Around 22, I remember finally finding justice for what Trace had put me through. It turned out he didn’t stop at my sister and I. He continued to prey on children for several years and traumatize several more people. When his ex wife finally came to me after she learned he had been raping her daughter for years, I finally had a support system to help put him away. I finally filed a statement in Harris County, just in time before the statute of limitations. Trace found out what was happening and reached out to me on Facebook, begging me not to go through with the charges. He destroyed 10 years of my childhood and permanently damaged me. The things he did to me were far less damaging than what he did to my young niece and to other kids he managed to make contact with. He is a full on pedophile. I felt no remorse. At trial, I’m not sure why, but they gave me the closing statement. I didn’t expect them to do that. I didn’t know there was such a thing. So, I just spoke from the heart, as cliche as that sounds. I said exactly what I meant and I meant exactly what I said. All I said was, “I’ve spent most of my life trying to get over this. It’d be really great if no one else had to.” I may not have had the stamina to elaborate any further at that point, after being berated by his defense attorney like I was the problem, but the judge looked into my eyes and heard me. She heard me, and it felt like it was the first time in my entire life anyone had. Our mother actually didn’t even know about the trial or the charges until after he was sentenced to 40 years. My sister came through at the last minute and agreed to testify for herself. We didn’t want our mother to know about the trial or the charges until it was all over, because we knew she’d try to intervene to protect Trace. I still don’t understand why she always chose him. He is her first born, but he has always been a terrible person.
After I’d given my closing statement, The judge said I could go. I stood up, got down from the stand, and never made eye contact with Trace. I couldn’t look him in the face. I didn’t want to be reminded. I had spent so much time trying to forget the face of Evil, I couldn’t risk a single second of weakness destroying the lengths I’d gone to silence the pain. I had to be high as a kite just to be in the same city as him.

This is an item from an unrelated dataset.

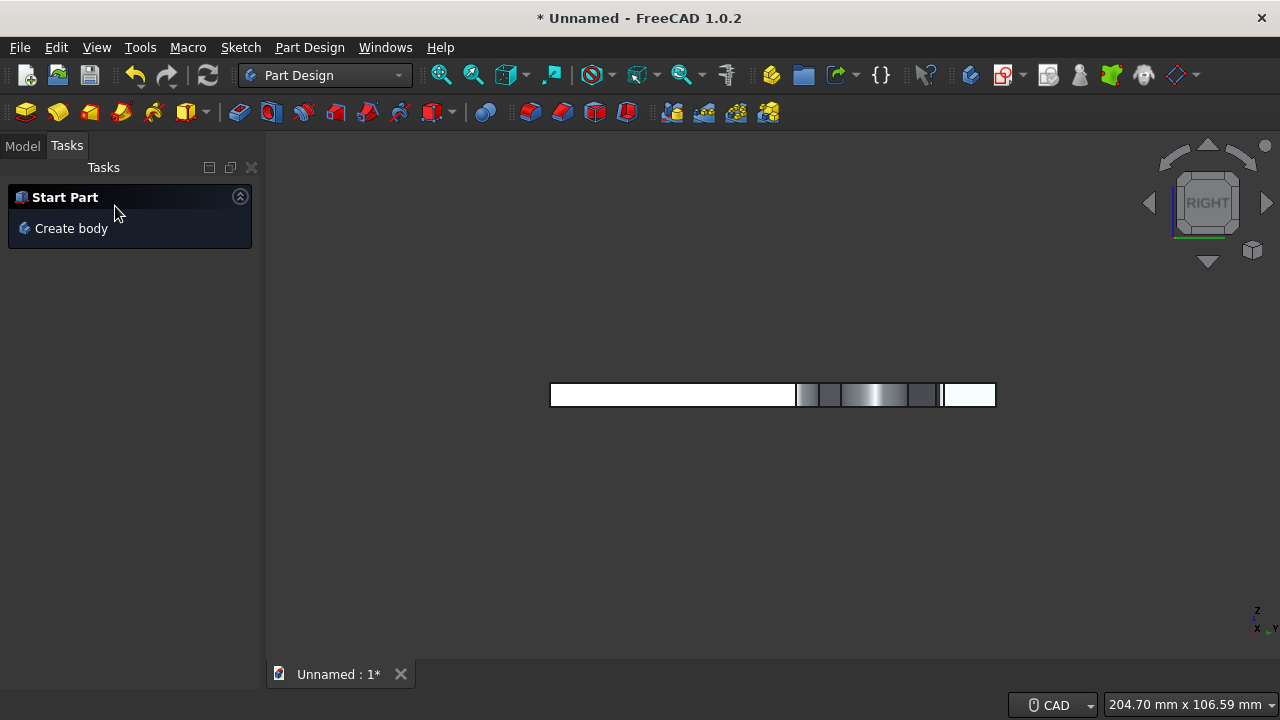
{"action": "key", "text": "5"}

He yelled for me from his chair in his orange jump suit, hollering my name over and over. But I had to keep walking. I was seven steps from the door and I couldn’t go fast enough. As soon as I exited the courtroom, it was all I could do to keep myself composed long enough to get into the hallway, far enough away for him not to hear me cry. He’d heard me cry enough over the years, I wasn’t going to give him the satisfaction of one more single tear. Like a goddamn going away present. Fuck him. And fuck her for letting it all happen. Who puts a lock on one daughter’s bedroom door, but not the other? Who let’s one child (the one NOT being abused) go live with his grandparents, and then forces the other one to stay behind, left alone in the darkest parts of Hell, where Evil resides and keeps her up every night, afraid of falling asleep? Who does that to a child? What kind of a mother? Sister? Grandmother? I just want to know why. What did I ever do, at the age of seven, to deserve something like that? What did I do to forfeit my protection? Justice? Peace? Sanity? Sleep? A normal life?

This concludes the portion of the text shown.